Getting Religion Wrong: From Indiana to Iran https://mosaicmagazine.com/picks/politics-current-affairs/2015/04/getting-religion-wrong-from-indiana-to-iran/

April 7, 2015 | Liel Leibovitz
About the author: Liel Leibovitz, a journalist, media critic, and video-game scholar, is a senior writer for the online magazine Tablet.

Comparing the hue and cry over Indiana’s version of the Religious Freedom Restoration Act (RFRA) with the media’s treatment of the Iranian theocracy, Liel Leibovitz argues that, in very different ways, ignorance and bigotry about religion are at play in both:

Those alarmed over [Indiana’s] RFRA legislation are vexed in part because they assume the worst about the men and women most likely to claim religious protection these days. In its editorial about the Indiana law, the New York Times was frank in admitting that the fault lies not in the law’s logic but in its likely champions: “Religious-freedom laws,” the Times wrote, “which were originally intended to protect religious minorities from burdensome laws or regulations, have become increasingly invoked by conservative Christian groups.” When you cannot imagine the faithful as anything but mindless boobs more likely to respond to coercion and hate than to reason, you’re likely to see the question of religious freedom not as an absolute good worthy of protection no matter who its benefactors but as just one component of a practical political worldview, colored by other considerations.

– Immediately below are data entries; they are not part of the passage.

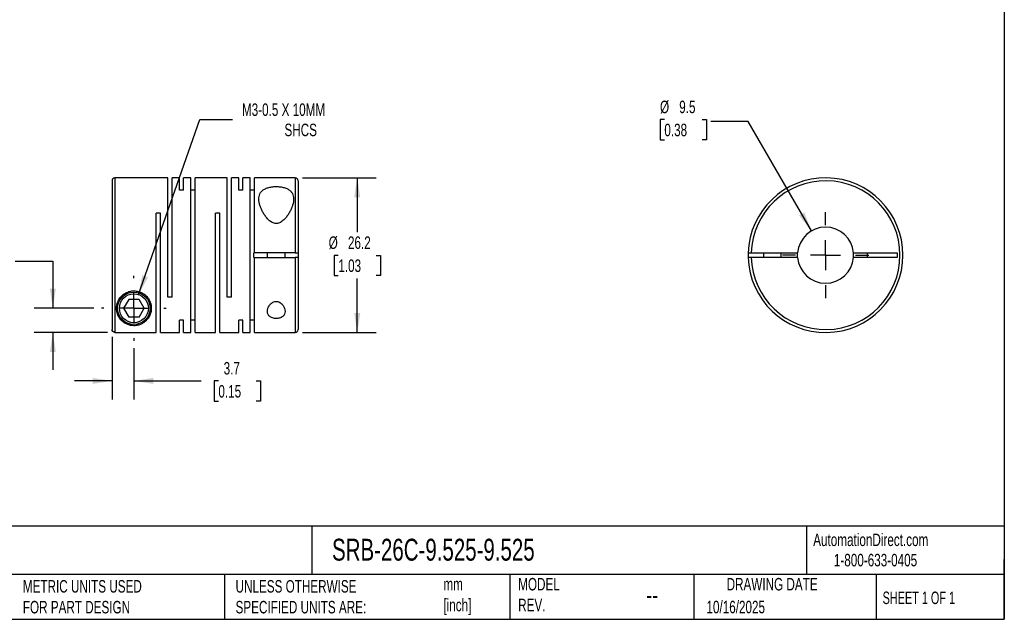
# Model space of a CAD drawing. Header units: millimetres. Extents: x 6 to 273, y 6 to 210.
# Tile 2 of 3: x 106 to 273, y 6 to 108. Entities that reach past the tile are written whole.
import ezdxf

# ---------------------------------------------------------------- set-up
doc = ezdxf.new("R2010")
doc.units = ezdxf.units.MM
doc.linetypes.add('SLD-Center', pattern=[19.05, 15.24, -1.27, 1.27, -1.27])
doc.linetypes.add('SLD-Solid', pattern=[0])
doc.layers.add('CENTER', color=40, linetype='SLD-Center')
doc.layers.add('DIMENSIONS', color=140, linetype='SLD-Solid', lineweight=25)
doc.layers.add('TEXT', color=140, linetype='SLD-Solid', lineweight=25)
doc.styles.add('SLDTEXTSTYLE0', font='TXT', dxfattribs={"width": 0.7})
doc.styles.add('SLDTEXTSTYLE1', font='TXT', dxfattribs={"width": 0.65})
doc.dimstyles.new('SLDDIMSTYLE0', dxfattribs={"dimtxt": 2.158008, "dimasz": 3.302, "dimexe": 0, "dimexo": 0.0625, "dimgap": 0.539502, "dimtad": 0, "dimtih": 1, "dimtoh": 1, "dimdec": 1, "dimrnd": 1e-09, "dimzin": 12, "dimdsep": 46, "dimtxsty": 'SLDTEXTSTYLE0', "dimsah": 1, "dimcen": 0.09, "dimadec": 0, "dimazin": 3, "dimtfac": 1, "dimtdec": 1, "dimtmove": 0, "dimatfit": 0, "dimfxl": 0, "dimfrac": 2, "dimtolj": 1, "dimtzin": 12, "dimarcsym": 0})
doc.dimstyles.new('SLDDIMSTYLE1', dxfattribs={"dimtxt": 2.158008, "dimasz": 3.302, "dimexe": 0, "dimexo": 0.0625, "dimgap": 0.539502, "dimtad": 0, "dimtih": 1, "dimtoh": 1, "dimdec": 1, "dimrnd": 1e-09, "dimzin": 12, "dimdsep": 46, "dimtxsty": 'SLDTEXTSTYLE0', "dimsah": 1, "dimcen": 0, "dimadec": 0, "dimazin": 3, "dimtfac": 1, "dimtdec": 1, "dimtofl": 0, "dimtmove": 0, "dimatfit": 3, "dimfxl": 0, "dimfrac": 2, "dimtolj": 1, "dimtzin": 12, "dimarcsym": 0})
doc.dimstyles.new('SLDDIMSTYLE2', dxfattribs={"dimtxt": 2.158008, "dimasz": 3.302, "dimexe": 0, "dimexo": 0.0625, "dimgap": 0.539502, "dimtad": 0, "dimtih": 1, "dimtoh": 1, "dimdec": 1, "dimrnd": 1e-09, "dimzin": 12, "dimdsep": 46, "dimtxsty": 'SLDTEXTSTYLE0', "dimsah": 1, "dimcen": 0.09, "dimadec": 0, "dimazin": 3, "dimtfac": 1, "dimtdec": 1, "dimtofl": 0, "dimtmove": 0, "dimatfit": 3, "dimfxl": 0, "dimfrac": 2, "dimtolj": 1, "dimtzin": 12, "dimarcsym": 0})
doc.dimstyles.new('SLDDIMSTYLE3', dxfattribs={"dimtxt": 2.158008, "dimasz": 3.302, "dimexe": 0, "dimexo": 0.0625, "dimgap": 0.539502, "dimtad": 0, "dimtih": 1, "dimtoh": 1, "dimdec": 1, "dimrnd": 1e-09, "dimzin": 12, "dimdsep": 46, "dimtxsty": 'SLDTEXTSTYLE0', "dimsah": 1, "dimcen": 0, "dimadec": 0, "dimazin": 3, "dimtfac": 1, "dimtdec": 1, "dimtofl": 0, "dimtmove": 0, "dimatfit": 3, "dimfxl": 0, "dimfrac": 2, "dimtolj": 1, "dimtzin": 12, "dimarcsym": 0})

# ---------------------------------------------------------------- blocks, each defined once
blk = doc.blocks.new('_D')
at = {"layer": 'DIMENSIONS'}
for p, q in [((121.95, 54.19), (121.95, 43.57)), ((125.65, 52.29), (125.65, 43.57)), ((121.95, 46.74), (115.6, 46.74)), ((125.65, 46.74), (137.03, 46.74)), ((139.96, 46.74), (139.23, 46.74)), ((139.23, 46.74), (139.23, 43.31)), ((146.37, 46.74), (147.09, 46.74)), ((147.09, 46.74), (147.09, 43.31)), ((139.23, 43.31), (139.96, 43.31)), ((147.09, 43.31), (146.37, 43.31))]:
    blk.add_line(p, q, dxfattribs=at)
for points in [[(121.95, 46.74), (118.65, 47.25), (118.65, 46.24)], [(125.65, 46.74), (128.95, 46.24), (128.95, 47.25)]]:
    blk.add_solid(points, dxfattribs=at)
at = {"layer": 'DIMENSIONS', "char_height": 2.117, "attachment_point": 1, "style": 'SLDTEXTSTYLE0'}
for s, insert in [('3.7', (140.85, 49.95)), ('0.15', (139.96, 46.04))]:
    blk.add_mtext(s, dxfattribs=dict(at, insert=insert))
blk = doc.blocks.new('_D_1')
at = {"layer": 'DIMENSIONS'}
for p, q in [((95.27, 67.06), (94.54, 67.06)), ((94.54, 67.06), (94.54, 63.63)), ((101.68, 67.06), (102.41, 67.06)), ((102.41, 67.06), (102.41, 63.63)), ((105.57, 67.06), (111.92, 67.06)), ((111.92, 67.06), (111.92, 59.05)), ((94.54, 63.63), (95.27, 63.63)), ((102.41, 63.63), (101.68, 63.63)), ((118.89, 59.05), (108.75, 59.05)), ((121.18, 54.96), (108.75, 54.96)), ((111.92, 54.96), (111.92, 48.61))]:
    blk.add_line(p, q, dxfattribs=at)
for points in [[(111.92, 59.05), (112.43, 62.35), (111.42, 62.35)], [(111.92, 54.96), (111.42, 51.65), (112.43, 51.65)]]:
    blk.add_solid(points, dxfattribs=at)
at = {"layer": 'DIMENSIONS', "char_height": 2.117, "attachment_point": 1, "style": 'SLDTEXTSTYLE0'}
for s, insert in [('4.1', (96.17, 70.27)), ('0.16', (95.27, 66.35))]:
    blk.add_mtext(s, dxfattribs=dict(at, insert=insert))
blk = doc.blocks.new('_D_2')
at = {"layer": 'DIMENSIONS'}
for p, q in [((126.46, 61.36), (136.81, 91.03)), ((136.81, 91.03), (142.37, 91.03))]:
    blk.add_line(p, q, dxfattribs=at)
blk.add_solid([(126.46, 61.36), (128.03, 64.31), (127.07, 64.65)], dxfattribs=at)
at = {"layer": 'DIMENSIONS', "attachment_point": 1, "style": 'SLDTEXTSTYLE0'}
for s, insert, char_height in [('M3-0.5 X 10MM', (143.95, 93.76), 2.1167), ('SHCS', (151.15, 90.33), 2.117)]:
    blk.add_mtext(s, dxfattribs=dict(at, insert=insert, char_height=char_height))
blk = doc.blocks.new('_D_3')
at = {"layer": 'DIMENSIONS'}
for p, q in [((154.22, 81.15), (166.66, 81.15)), ((163.48, 81.15), (163.48, 71.94)), ((160.27, 68.02), (159.55, 68.02)), ((159.55, 68.02), (159.55, 64.59)), ((166.69, 68.02), (167.41, 68.02)), ((167.41, 68.02), (167.41, 64.59)), ((159.55, 64.59), (160.27, 64.59)), ((163.48, 54.95), (163.48, 64.11)), ((167.41, 64.59), (166.69, 64.59)), ((154.22, 54.95), (166.66, 54.95))]:
    blk.add_line(p, q, dxfattribs=at)
for points in [[(163.48, 81.15), (162.97, 77.85), (163.99, 77.85)], [(163.48, 54.95), (163.99, 58.25), (162.97, 58.25)]]:
    blk.add_solid(points, dxfattribs=at)
at = {"layer": 'DIMENSIONS', "char_height": 2.117, "attachment_point": 1, "style": 'SLDTEXTSTYLE0'}
for s, insert in [('%%c', (158.64, 71.23)), ('26.2', (161.9, 71.23)), ('1.03', (160.27, 67.32))]:
    blk.add_mtext(s, dxfattribs=dict(at, insert=insert))
blk = doc.blocks.new('SW_CENTERMARKSYMBOL_0')
at = {"layer": 'CENTER', "color": 0}
for p, q in [((0, 5.08), (0, 5.49)), ((0, 0), (0, 2.54)), ((-5.08, 0), (-5.49, 0)), ((0, 0), (-2.54, 0)), ((0, 0), (0, -2.54)), ((0, 0), (2.54, 0)), ((5.08, 0), (5.49, 0)), ((0, -5.08), (0, -5.49))]:
    blk.add_line(p, q, dxfattribs=at)
blk = doc.blocks.new('_D_4')
at = {"layer": 'DIMENSIONS'}
for p, q in [((215.48, 91.02), (214.75, 91.02)), ((214.75, 91.02), (214.75, 87.59)), ((221.89, 91.02), (222.61, 91.02)), ((222.61, 91.02), (222.61, 87.59)), ((229.69, 90.72), (223.34, 90.72)), ((240.39, 72.18), (229.69, 90.72)), ((214.75, 87.59), (215.48, 87.59)), ((222.61, 87.59), (221.89, 87.59))]:
    blk.add_line(p, q, dxfattribs=at)
blk.add_solid([(240.39, 72.18), (239.18, 75.29), (238.3, 74.78)], dxfattribs=at)
at = {"layer": 'DIMENSIONS', "char_height": 2.117, "attachment_point": 1, "style": 'SLDTEXTSTYLE0'}
for s, insert in [('%%c', (214.75, 94.23)), ('9.5', (218, 94.23)), ('0.38', (215.48, 90.32))]:
    blk.add_mtext(s, dxfattribs=dict(at, insert=insert))
blk = doc.blocks.new('SW_CENTERMARKSYMBOL_1')
at = {"layer": 'CENTER', "color": 0}
for p, q in [((0, 5.08), (0, 7.3025)), ((0, 0), (0, 2.54)), ((-5.08, 0), (-7.3025, 0)), ((0, 0), (-2.54, 0)), ((0, 0), (0, -2.54)), ((0, 0), (2.54, 0)), ((5.08, 0), (7.3025, 0)), ((0, -5.08), (0, -7.3025))]:
    blk.add_line(p, q, dxfattribs=at)

msp = doc.modelspace()

# ---------------------------------------------------------------- linework, layer by layer
for p, q in [((121.95, 80.65), (121.95, 55.46)), ((131.4, 81.15), (122.45, 81.15)), ((122.45, 81.15), (122.45, 54.96)), ((131.4, 60.95), (131.4, 81.15)), ((133.35, 81.15), (132.11, 81.15)), ((132.11, 60.95), (132.11, 81.15)), ((133.35, 79.06), (133.35, 81.15)), ((135.3, 81.15), (134.06, 81.15)), ((134.06, 79.06), (134.06, 81.15)), ((135.3, 54.95), (135.3, 81.15)), ((141.45, 81.15), (136.01, 81.15)), ((136.01, 54.95), (136.01, 81.15)), ((141.45, 60.95), (141.45, 81.15)), ((143.4, 81.15), (142.16, 81.15)), ((142.16, 60.95), (142.16, 81.15)), ((143.4, 79.06), (143.4, 81.15)), ((145.35, 81.15), (144.11, 81.15)), ((144.11, 79.06), (144.11, 81.15)), ((145.35, 54.95), (145.35, 81.15)), ((152.95, 81.15), (146.06, 81.15)), ((146.06, 68.43), (146.06, 81.15)), ((152.95, 81.15), (152.95, 68.43)), ((153.45, 80.65), (153.45, 68.43)), ((134.06, 79.06), (133.35, 79.06)), ((136.01, 79.06), (135.3, 79.06)), ((144.11, 79.06), (143.4, 79.06)), ((146.06, 79.06), (145.35, 79.06)), ((130.16, 75.15), (129.45, 75.15)), ((129.45, 54.96), (129.45, 75.15)), ((130.16, 54.95), (130.16, 75.15)), ((140.21, 75.15), (139.5, 75.15)), ((139.5, 54.95), (139.5, 75.15)), ((140.21, 54.95), (140.21, 75.15)), ((145.95, 67.68), (145.95, 68.43)), ((146.06, 68.43), (145.95, 68.43)), ((152.95, 68.43), (146.06, 68.43)), ((148.25, 68.43), (148.25, 67.68)), ((151.25, 67.68), (151.25, 68.43)), ((153.45, 68.43), (153.45, 67.68)), ((230.18, 68.43), (238.03, 68.43)), ((232.28, 68.43), (232.28, 67.68)), ((235.28, 67.68), (235.28, 68.43)), ((238.01, 68.05), (238.03, 68.43)), ((247.52, 68.43), (254.88, 68.43)), ((249.88, 67.68), (249.88, 68.43)), ((254.88, 68.43), (254.88, 67.68)), ((145.95, 67.68), (146.06, 67.68)), ((146.06, 54.95), (146.06, 67.68)), ((146.06, 67.68), (152.95, 67.68)), ((152.95, 67.68), (152.95, 54.95)), ((153.45, 67.68), (153.45, 55.45)), ((238.03, 67.68), (230.18, 67.68)), ((238.03, 67.68), (238.01, 68.05)), ((254.88, 67.68), (247.52, 67.68)), ((124.79, 60.55), (123.92, 59.05)), ((126.52, 60.55), (124.79, 60.55)), ((127.38, 59.05), (126.52, 60.55)), ((132.11, 60.95), (131.4, 60.95)), ((142.16, 60.95), (141.45, 60.95)), ((123.92, 59.05), (124.79, 57.55)), ((126.52, 57.55), (127.38, 59.05)), ((126.52, 57.55), (124.79, 57.55)), ((134.06, 57.04), (133.35, 57.04)), ((133.35, 54.95), (133.35, 57.04)), ((134.06, 54.95), (134.06, 57.04)), ((136.01, 57.04), (135.3, 57.04)), ((144.11, 57.04), (143.4, 57.04)), ((143.4, 54.95), (143.4, 57.04)), ((144.11, 54.95), (144.11, 57.04)), ((146.06, 57.04), (145.35, 57.04)), ((122.45, 54.96), (129.45, 54.96)), ((130.16, 54.95), (133.35, 54.95)), ((134.06, 54.95), (135.3, 54.95)), ((136.01, 54.95), (139.5, 54.95)), ((140.21, 54.95), (143.4, 54.95)), ((144.11, 54.95), (145.35, 54.95)), ((146.06, 54.95), (152.95, 54.95))]:
    msp.add_line(p, q)
for radius in [2.75, 2.45]:
    msp.add_circle((125.65, 59.05), radius)
for centre, radius, start, end in [((122.45, 80.65), 0.5, 90, 180), ((152.95, 80.65), 0.5, 0, 90), ((242.78, 68.05), 13.1, 181.6404, 178.3596), ((242.78, 68.05), 12.6, 181.7055, 178.2945), ((242.78, 68.05), 4.76, 4.5162, 175.4838), ((242.78, 68.05), 13.1, 178.3596, 181.6404), ((242.78, 68.05), 4.76, 355.4838, 4.5162), ((242.78, 68.05), 4.76, 184.5162, 355.4838), ((152.95, 55.45), 0.5, 270, 0)]:
    msp.add_arc(centre, radius, start, end)
for points, knots in [([(152.7, 77.57), (152.7, 77.9), (152.64, 78.22), (152.42, 78.63), (152.33, 78.76), (152.09, 79), (151.96, 79.11), (151.63, 79.3), (151.45, 79.38), (151.05, 79.51), (150.83, 79.57), (150.38, 79.64), (150.14, 79.66), (149.66, 79.67), (149.41, 79.67), (148.94, 79.62), (148.72, 79.58), (148.29, 79.47), (148.09, 79.4), (147.74, 79.23), (147.58, 79.13), (147.32, 78.91), (147.2, 78.79), (146.93, 78.4), (146.84, 78.1), (146.78, 77.46), (146.82, 77.12), (146.95, 76.59), (147.01, 76.41), (147.14, 76.05), (147.22, 75.87), (147.39, 75.51), (147.49, 75.33), (147.7, 74.97), (147.82, 74.79), (148.09, 74.44), (148.23, 74.27), (148.55, 73.95), (148.73, 73.8), (149.12, 73.55), (149.35, 73.46), (149.71, 73.41), (149.83, 73.42), (150.07, 73.45), (150.19, 73.49), (150.41, 73.58), (150.52, 73.63), (150.71, 73.76), (150.8, 73.83), (151.07, 74.05), (151.23, 74.21), (151.51, 74.55), (151.64, 74.73), (151.88, 75.09), (151.98, 75.27), (152.18, 75.63), (152.26, 75.81), (152.42, 76.18), (152.48, 76.36), (152.64, 76.89), (152.7, 77.24), (152.7, 77.57)], [0, 0, 0, 0, 0.0625, 0.0625, 0.09375, 0.09375, 0.125, 0.125, 0.15625, 0.15625, 0.1875, 0.1875, 0.21875, 0.21875, 0.25, 0.25, 0.28125, 0.28125, 0.3125, 0.3125, 0.34375, 0.34375, 0.375, 0.375, 0.4375, 0.4375, 0.5, 0.5, 0.53125, 0.53125, 0.5625, 0.5625, 0.59375, 0.59375, 0.625, 0.625, 0.65625, 0.65625, 0.6875, 0.6875, 0.71875, 0.71875, 0.734375, 0.734375, 0.75, 0.75, 0.765625, 0.765625, 0.78125, 0.78125, 0.8125, 0.8125, 0.84375, 0.84375, 0.875, 0.875, 0.90625, 0.90625, 0.9375, 0.9375, 1, 1, 1, 1]), ([(152.95, 68.43), (153.08, 68.43), (153.21, 68.43), (153.4, 68.43), (153.45, 68.43), (153.45, 68.43)], [0, 0, 0, 0, 0.5, 0.5, 1, 1, 1, 1]), ([(229.68, 68.43), (229.68, 68.43), (229.74, 68.43), (229.92, 68.43), (230.05, 68.43), (230.18, 68.43)], [0, 0, 0, 0, 0.5, 0.5, 1, 1, 1, 1]), ([(153.45, 67.68), (153.45, 67.68), (153.4, 67.68), (153.21, 67.68), (153.08, 67.68), (152.95, 67.68)], [0, 0, 0, 0, 0.5, 0.5, 1, 1, 1, 1]), ([(230.18, 67.68), (230.05, 67.68), (229.92, 67.68), (229.74, 67.68), (229.68, 67.68), (229.68, 67.68)], [0, 0, 0, 0, 0.5, 0.5, 1, 1, 1, 1]), ([(122.7, 59.05), (122.7, 58.7), (122.76, 58.37), (122.92, 57.92), (122.99, 57.78), (123.14, 57.5), (123.22, 57.37), (123.51, 57), (123.74, 56.78), (124.17, 56.49), (124.33, 56.41), (124.68, 56.26), (124.87, 56.2), (125.2, 56.13), (125.32, 56.12), (125.56, 56.1), (125.68, 56.1), (125.92, 56.11), (126.04, 56.12), (126.27, 56.16), (126.37, 56.19), (126.67, 56.27), (126.85, 56.35), (127.17, 56.52), (127.32, 56.61), (127.58, 56.81), (127.7, 56.92), (127.91, 57.15), (128.01, 57.27), (128.28, 57.67), (128.41, 57.95), (128.54, 58.42), (128.57, 58.59), (128.6, 58.93), (128.61, 59.1), (128.57, 59.63), (128.47, 60.01), (128.2, 60.55), (128.08, 60.73), (127.82, 61.07), (127.66, 61.23), (127.3, 61.51), (127.1, 61.63), (126.67, 61.83), (126.45, 61.9), (125.97, 61.99), (125.73, 62.01), (125.25, 61.98), (125.01, 61.94), (124.67, 61.83), (124.56, 61.79), (124.34, 61.7), (124.24, 61.64), (123.94, 61.46), (123.76, 61.33), (123.44, 61.02), (123.3, 60.85), (123.07, 60.5), (122.98, 60.32), (122.76, 59.77), (122.7, 59.4), (122.7, 59.05)], [0, 0, 0, 0, 0.0625, 0.0625, 0.09375, 0.09375, 0.125, 0.125, 0.1875, 0.1875, 0.21875, 0.21875, 0.25, 0.25, 0.265625, 0.265625, 0.28125, 0.28125, 0.296875, 0.296875, 0.3125, 0.3125, 0.34375, 0.34375, 0.375, 0.375, 0.40625, 0.40625, 0.4375, 0.4375, 0.5, 0.5, 0.53125, 0.53125, 0.5625, 0.5625, 0.625, 0.625, 0.65625, 0.65625, 0.6875, 0.6875, 0.71875, 0.71875, 0.75, 0.75, 0.78125, 0.78125, 0.8125, 0.8125, 0.828125, 0.828125, 0.84375, 0.84375, 0.875, 0.875, 0.90625, 0.90625, 0.9375, 0.9375, 1, 1, 1, 1]), ([(151.25, 58.53), (151.25, 58.7), (151.22, 58.86), (151.11, 59.2), (151.03, 59.36), (150.86, 59.6), (150.8, 59.68), (150.66, 59.82), (150.59, 59.89), (150.41, 60.02), (150.32, 60.08), (150.11, 60.17), (149.99, 60.2), (149.75, 60.22), (149.64, 60.22), (149.4, 60.17), (149.3, 60.13), (149, 59.97), (148.84, 59.83), (148.58, 59.53), (148.48, 59.36), (148.33, 59.03), (148.28, 58.86), (148.24, 58.53), (148.25, 58.37), (148.33, 58.06), (148.41, 57.92), (148.58, 57.73), (148.64, 57.66), (148.8, 57.56), (148.88, 57.51), (149.17, 57.38), (149.4, 57.33), (149.75, 57.31), (149.87, 57.31), (150.1, 57.34), (150.22, 57.36), (150.43, 57.42), (150.53, 57.46), (150.7, 57.55), (150.78, 57.61), (151, 57.78), (151.09, 57.92), (151.22, 58.21), (151.25, 58.37), (151.25, 58.53)], [0, 0, 0, 0, 0.0625, 0.0625, 0.125, 0.125, 0.15625, 0.15625, 0.1875, 0.1875, 0.21875, 0.21875, 0.25, 0.25, 0.28125, 0.28125, 0.3125, 0.3125, 0.375, 0.375, 0.4375, 0.4375, 0.5, 0.5, 0.5625, 0.5625, 0.625, 0.625, 0.65625, 0.65625, 0.6875, 0.6875, 0.75, 0.75, 0.78125, 0.78125, 0.8125, 0.8125, 0.84375, 0.84375, 0.875, 0.875, 0.9375, 0.9375, 1, 1, 1, 1]), ([(122.45, 54.96), (122.32, 54.96), (122.19, 55.01), (122.01, 55.2), (121.95, 55.32), (121.95, 55.46)], [0, 0, 0, 0, 0.5, 0.5, 1, 1, 1, 1])]:
    msp.add_open_spline(points, degree=3, knots=knots)
at = {"layer": 'TEXT'}
for p, q in [((273.05, 209.55), (273.05, 6.35)), ((273.05, 22.13), (6.35, 22.13)), ((155.76, 22.13), (155.76, 13.97)), ((239.58, 22.13), (239.58, 13.97)), ((273.05, 6.35), (273.05, 16.51)), ((273.05, 13.97), (6.35, 13.97)), ((141, 13.97), (141, 6.35)), ((189.3, 13.97), (189.3, 6.35)), ((220.47, 13.97), (220.47, 6.35)), ((251.35, 13.97), (251.35, 6.35)), ((6.35, 6.35), (273.05, 6.35))]:
    msp.add_line(p, q, dxfattribs=at)

# ---------------------------------------------------------------- block references
at = {"layer": 'CENTER'}
for name, p in [('SW_CENTERMARKSYMBOL_1', (242.78, 68.05)), ('SW_CENTERMARKSYMBOL_0', (125.65, 59.05))]:
    msp.add_blockref(name, p, dxfattribs=at)

# ---------------------------------------------------------------- texts
at = {"layer": 'TEXT'}
for s, insert, char_height, attachment_point, style in [('SRB-26C-9.525-9.525', (159.21, 20), 3.7042, 1, 'SLDTEXTSTYLE0'), ('AutomationDirect.com', (240.69, 20.88), 2.1167, 1, 'SLDTEXTSTYLE0'), ('1-800-633-0405', (244.19, 17.44), 2.1167, 1, 'SLDTEXTSTYLE0'), ('MODEL ^JREV.', (190.73, 13.36), 2.1167, 1, 'SLDTEXTSTYLE0'), ('DRAWING DATE', (233.73, 13.36), 2.1167, 2, 'SLDTEXTSTYLE0'), ('METRIC UNITS USED ^JFOR PART DESIGN', (106.85, 13), 2.1167, 1, 'SLDTEXTSTYLE0'), ('UNLESS OTHERWISE ^JSPECIFIED UNITS ARE:', (142.87, 13), 2.1167, 1, 'SLDTEXTSTYLE0'), ('mm^J[inch]', (178.06, 13.36), 2.117, 1, 'SLDTEXTSTYLE0'), ('--', (212.43, 12.08), 3.175, 1, 'SLDTEXTSTYLE0'), ('SHEET 1 OF 1', (252.44, 11.05), 2.1167, 1, 'SLDTEXTSTYLE1'), ('10/16/2025', (222.61, 9.49), 2.117, 1, 'SLDTEXTSTYLE0')]:
    msp.add_mtext(s, dxfattribs=dict(at, insert=insert, char_height=char_height, attachment_point=attachment_point, style=style))

# ---------------------------------------------------------------- dimensions: what is measured, and where the dimension line sits
at = {"layer": 'DIMENSIONS'}
dim = msp.add_diameter_dim_2p(p1=(124.85, 56.74), p2=(126.46, 61.36), text='M3-0.5 X 10MM\\PSHCS', dimstyle='SLDDIMSTYLE1', override={"dimpost": '<>'}, dxfattribs=at)
dim.commit()
dim.dimension.update_dxf_attribs({"geometry": '_D_2', "text_midpoint": (155.12, 91.03), "dimtype": 163})
dim = msp.add_diameter_dim_2p(p1=(245.16, 63.93), p2=(240.39, 72.18), dimstyle='SLDDIMSTYLE3', dxfattribs=at)
dim.commit()
dim.dimension.update_dxf_attribs({"geometry": '_D_4', "text_midpoint": (218.68, 90.72), "dimtype": 163})
dim = msp.add_linear_dim(base=(163.48, 54.95), p1=(152.95, 81.15), p2=(152.95, 54.95), angle=90, text='%%c<>', dimstyle='SLDDIMSTYLE2', dxfattribs=at)
dim.commit()
dim.dimension.update_dxf_attribs({"geometry": '_D_3', "text_midpoint": (163.48, 68.02), "dimtype": 160})
dim = msp.add_linear_dim(base=(111.92, 59.05), p1=(122.45, 54.96), p2=(120.16, 59.05), angle=90, dimstyle='SLDDIMSTYLE0', dxfattribs=at)
dim.commit()
dim.dimension.update_dxf_attribs({"geometry": '_D_1', "text_midpoint": (111.92, 67.06), "dimtype": 160})
dim = msp.add_linear_dim(base=(125.65, 46.74), p1=(121.95, 55.46), p2=(125.65, 53.56), dimstyle='SLDDIMSTYLE0', dxfattribs=at)
dim.commit()
dim.dimension.update_dxf_attribs({"geometry": '_D', "text_midpoint": (143.16, 46.74), "dimtype": 160})

doc.saveas('drawing.dxf')

This is why the Times—as well as many, one suspects, of those crying foul over the Indiana law—is willing to accuse local conservative legislators of harboring the most benighted schemes while simultaneously cheering on talks with the murderous theocracy in Iran. When professed in Indianapolis by domestic political opponents, religion is a tool of oppression. When expressed in Isfahan with calls of “Death to America,” it’s just a quaint cultural affectation.